*Data to process:*
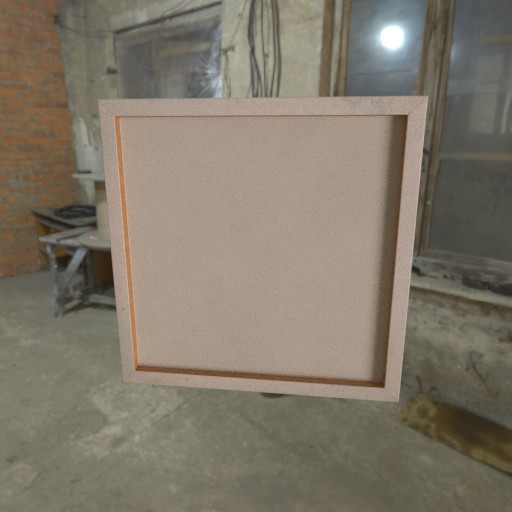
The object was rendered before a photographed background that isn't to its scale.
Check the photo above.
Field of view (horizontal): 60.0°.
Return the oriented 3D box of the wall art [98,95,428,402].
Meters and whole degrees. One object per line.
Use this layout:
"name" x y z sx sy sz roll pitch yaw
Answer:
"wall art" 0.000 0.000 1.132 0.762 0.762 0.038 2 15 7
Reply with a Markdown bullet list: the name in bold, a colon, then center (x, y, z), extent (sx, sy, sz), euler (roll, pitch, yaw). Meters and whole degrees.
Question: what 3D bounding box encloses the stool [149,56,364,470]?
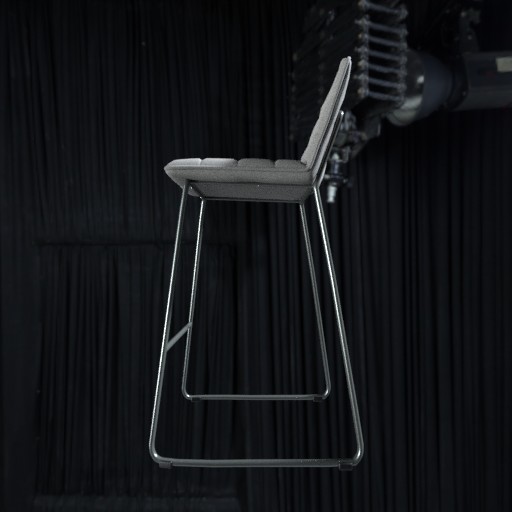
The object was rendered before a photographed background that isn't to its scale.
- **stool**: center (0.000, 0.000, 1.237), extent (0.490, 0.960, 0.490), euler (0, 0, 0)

*Work task:* With pictures excluded, the data must be transcribed in full and to the letter.

*Output of the task:*
The object was rendered before a photographed background that isn't to its scale.
Check the photo above.
Field of view (horizontal): 60.0°.
Return the oriented 3D box of the wall art [98,95,428,402].
Meters and whole degrees. One object per line.
Use this layout:
"name" x y z sx sy sz roll pitch yaw
Answer:
"wall art" 0.000 0.000 1.132 0.762 0.762 0.038 2 15 7
Reply with a Markdown bullet list: the name in bold, a colon, then center (x, y, z), extent (sx, sy, sz), euler (roll, pitch, yaw). Meters and whole degrees.
Question: what 3D bounding box encloses the stool [149,56,364,470]?
The object was rendered before a photographed background that isn't to its scale.
- **stool**: center (0.000, 0.000, 1.237), extent (0.490, 0.960, 0.490), euler (0, 0, 0)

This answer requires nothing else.